Thea Mottram is having a bad month. Her husband of nearly twenty years has just left her for one of her friends, and she is let go from her office job–on Valentine’s Day, of all days. Bewildered and completely lost, Thea doesn’t know what to do. But when she learns that a distant great uncle in Scotland has passed away, leaving her his home and a hefty antique book collection, she decides to leave Sussex for a few weeks. Escaping to a small coastal town where no one knows her seems to be exactly what she needs.

Almost instantly, Thea becomes enamored with the quaint cottage, comforted by its cozy rooms and shaggy, tulip-covered lawn. The locals in nearby Baldochrie are just as warm, quirky, and inviting. The only person she can’t seem to win over is bookshop owner Edward Maltravers, to whom she hopes to sell her uncle’s antique novel collection. His gruff attitude–fueled by an infamous, long-standing feud with his brother, a local lord–tests Thea’s patience. But bickering with Edward proves oddly refreshing and exciting, leading Thea to develop feelings she hasn’t felt in a long time. As she follows a thrilling yet terrifying impulse to stay in Scotland indefinitely, Thea realizes that her new life may quickly become just as complicated as the one she was running from.

When Thea discovers that her husband has been cheating on her with her close friend, her carefully ordered life falls apart. And when said husband and said friend declare their intention to start a life together, Thea moves out of her house, packs her belongings, and has to figure out what’s next.

Answers are provided by the news that a distant relative, a great-uncle she barely knew, has left his Scottish home to her, along with a nice sum of money to go with it. At loose ends, Thea heads to Scotland to see the property and decide what to do with it, intending to spend at most a few weeks assessing the place and making plans to sell it.

She doesn’t count on how lovely the place is, or how charming the small village nearby. Uncle Andrew left behind an impressive book collection, including many rare and valuable editions, so Thea contacts the local bookseller, a grumpy man named Edward, to arrange to sell some of the books. Edward is indeed grumpy, but he’s also quite engaging and very attractive, not to mention being the estranged brother of the lord whose estate borders Thea’s new home. All in all, Thea finds him fascinating, and they develop an easy rapport, only enhanced once she takes on a job working in Edward’s bookstore.

As the months pass, Thea finds herself falling into a comfortable rhythm in her new home, but she’s still not over the betrayal of her marriage and the sense of self-doubt it’s left her with. Still, as she gets to know Edward, she eventually realizes that life may have a few surprises left for her… even the possibility of a new romance.

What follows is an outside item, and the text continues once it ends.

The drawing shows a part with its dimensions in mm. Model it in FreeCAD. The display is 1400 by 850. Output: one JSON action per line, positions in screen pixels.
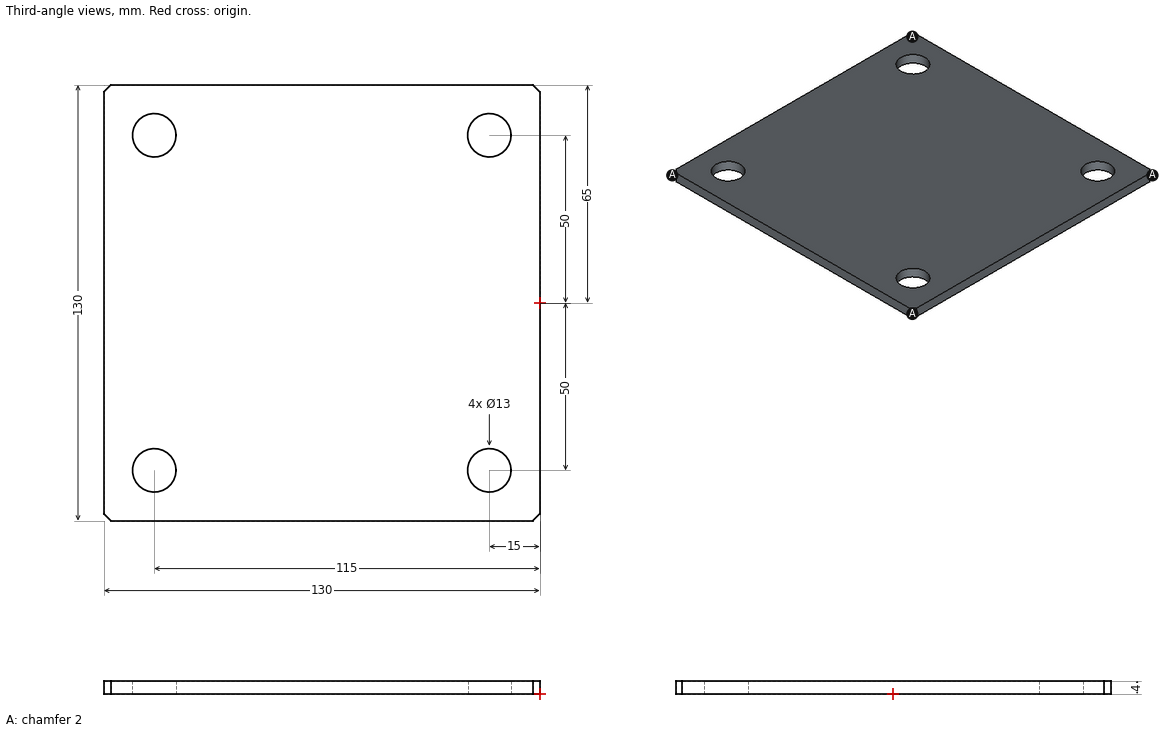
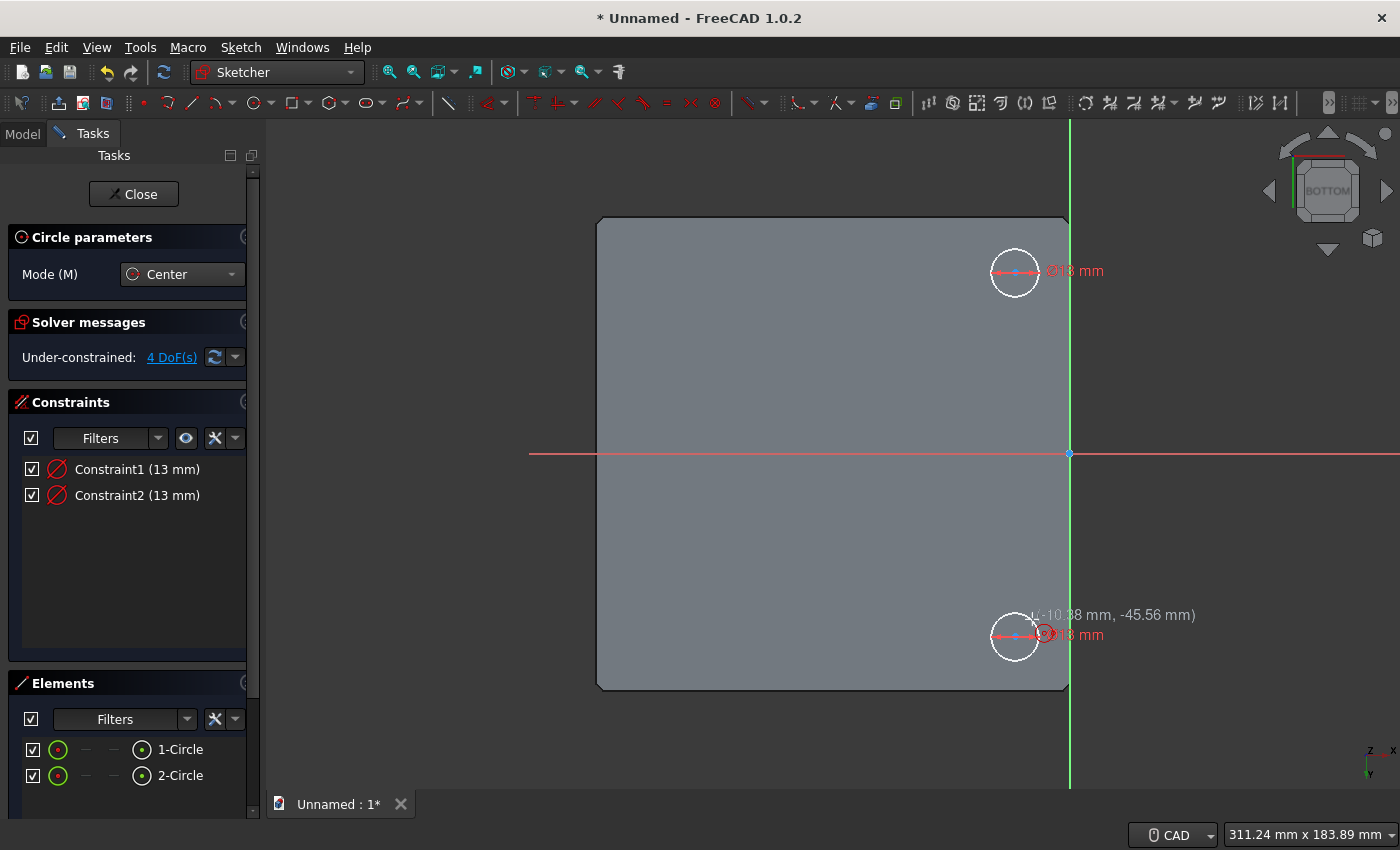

It’s refreshing to read a book about love between mature adults, and also a nice change to have a lead character be a woman in her mid-40s. Thea is lovely, but she’s experienced and not naive, and feels that the romantic part of her life is over with, now that her husband has left her. She doesn’t expect to find new opportunities or to have a dashing local find her attractive, and she certainly doesn’t expect that this little town in Scotland may turn out to be a place where she’ll find happiness.

The Bookshop of Second Chances is a lovely, engaging read. The dialogue is often quite funny, and Thea herself is a delightfully practical, blunt-speaking, and intelligent character to spend time with. The dynamics between Edward and his brother Charles are fraught, silly, and often humorous, but there are also some real issues there to navigate, and it was interesting to see those play out.

The main romantic storyline between Thea and Edward is well-paced, as she spends a great deal of the book not looking for more than friendship while she heals from the pain of her marriage and learns to trust and be optimistic again.

All in all, this is a sweet, entertaining, and thoughtful take on finding new purpose and new love in middle age. I really enjoyed it, and recommend it heartily!